A prominent feature of the plasmonic gap mode was that the charges with opposite signs were induced on the opposite sides of the gap. These charges resulted in an intense EM field localized inside the gap (Fig. 4). Since the surface polarization charges are accumulated at the corner for individual Au pyramids on the glass substrate, the maximum electric field enhancement (|E|/|E0|) of 271 was achieved at the corner (Fig. S7, ESI). Likewise, the maximum electric field enhancement of 233 was achieved at the gap for the film-coupled Au nanopyramid array with a 10 nm thick silica spacer layer (Fig. 4(b)). It is worth noting that the film-coupled Au nanopyramid array had a few unique features as compared to the Au nanopyramid array on the glass. First, not only the electric field but also an intense magnetic field (an enhancement factor |H|/|H0| of 25) was supported in the gap (Fig. 4(c)), whereas the magnetic field enhancement was negligible for the Au nanopyramid array on the glass. Second, the electric field was confined within the gap for the film-coupled Au pyramid array while a radial electrical field appeared at the corners for the Au nanopyramid array alone. Third, the magnetic field was kept almost constant in the gap for the film-coupled Au pyramid array and the electric field underwent only a small decay with an increase in the distance away from the pyramid bottom along the cross-section (Fig. 4(b and c)). In stark contrast, the electric field from the corner mode of the Au pyramid array alone decayed exponentially away with an increase in the distance away from the pyramid bottom (Fig. S7(b), ESI). Thanks to these unique features, the localized EM energy oscillated back and forth between the electric and magnetic counterparts inside the gap; and it only got damped either because of metal loss or by coupling to the free space. The gap which confines the spatially oscillating EM energy thus defines a spectrally tunable plasmonic cavity mode with an effective mode volume that is approximately the physical size of the gap. This feature provides an excellent configuration to enable the maximum interaction between SPPs and the spacer layer in the gap.

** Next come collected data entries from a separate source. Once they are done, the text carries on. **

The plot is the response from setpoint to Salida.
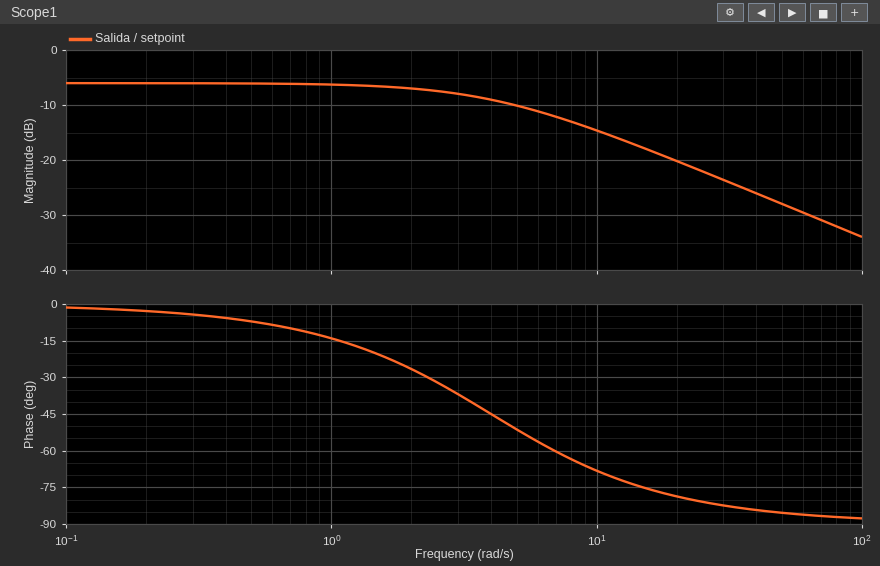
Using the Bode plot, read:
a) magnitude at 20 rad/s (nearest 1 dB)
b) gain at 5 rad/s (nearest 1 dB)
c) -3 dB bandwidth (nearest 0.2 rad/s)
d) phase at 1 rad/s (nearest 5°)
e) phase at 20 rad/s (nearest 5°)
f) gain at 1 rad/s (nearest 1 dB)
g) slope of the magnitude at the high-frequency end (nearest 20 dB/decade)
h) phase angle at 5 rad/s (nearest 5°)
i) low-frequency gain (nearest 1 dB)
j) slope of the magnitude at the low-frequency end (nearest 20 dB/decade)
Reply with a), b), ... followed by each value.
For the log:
a) -20 dB
b) -10 dB
c) 4.0 rad/s
d) -15°
e) -80°
f) -6 dB
g) -20 dB/decade
h) -50°
i) -6 dB
j) 0 dB/decade
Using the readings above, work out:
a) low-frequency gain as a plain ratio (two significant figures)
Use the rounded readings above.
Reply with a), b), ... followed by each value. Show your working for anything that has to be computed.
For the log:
a) 10^(-6 / 20) = 0.50

image file: c8nh00286j-f4.tif
Fig. 4 Electromagnetic field enhancement excited at 1135 nm on the film-coupled Au nanopyramid array (179 nm in base edge length and 200 nm in height) with a 10 nm thick silica space layer. (a) Scheme of the four planes on which the electromagnetic fields are extracted, where ii, iii, and iv are 2.5 nm, 5 nm, and 7.5 nm away from the pyramid bottom, respectively; (b) electric and (c) magnetic field enhancement at different planes. Arrows indicate the incident electric field polarization directions; (d) the distance-dependent electric field enhancement corresponding to the plasmonic gap mode in the film-coupled Au pyramid array system and to the plasmonic corner mode in the Au pyramid array, respectively. Also, the distance-dependent magnetic field enhancement induced by the plasmonic gap mode is shown. The inserted orange lines and red scales in (b-iii) and (c-iii) are the line profiles for the electric and magnetic field enhancement.

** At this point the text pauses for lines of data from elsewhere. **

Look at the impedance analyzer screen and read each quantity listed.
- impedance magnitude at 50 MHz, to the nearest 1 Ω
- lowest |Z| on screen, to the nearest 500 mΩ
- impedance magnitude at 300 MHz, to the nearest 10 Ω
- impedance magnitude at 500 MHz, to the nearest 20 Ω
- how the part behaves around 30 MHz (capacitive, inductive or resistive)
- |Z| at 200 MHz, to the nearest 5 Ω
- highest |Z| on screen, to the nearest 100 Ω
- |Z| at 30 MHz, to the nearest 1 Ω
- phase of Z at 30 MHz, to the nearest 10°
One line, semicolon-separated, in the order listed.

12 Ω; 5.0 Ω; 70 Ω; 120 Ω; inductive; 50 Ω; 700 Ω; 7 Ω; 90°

Compared to previous work on metal–insulator–metal structures,46,47 the film-coupled Au nanopyramid array reported in this work can be easily fabricated over a large area using cost-effective nanosphere lithography, as shown in Fig. 1 and 2(a). The plasmonic gap mode supported is thus highly tunable and controllable, as shown in Fig. 2(c and d). Compared to cubic and spherical planes, the reduced degree of symmetry for the triangular pyramidal bottom plane partially lifts the degeneracy and allows higher-order plasmonic gap modes to be easily resolved, as shown in Fig. 2(d) and 3. The three-dimensional pyramidal geometry also makes the film-coupled Au nanopyramid array more sensitive to the incident radiation and more efficiently confine incident light as EM energy at the gap, as shown in Fig. 4. This paves the way for the plasmonic gap mode to strongly interact with quantum emitters embedded at the gap.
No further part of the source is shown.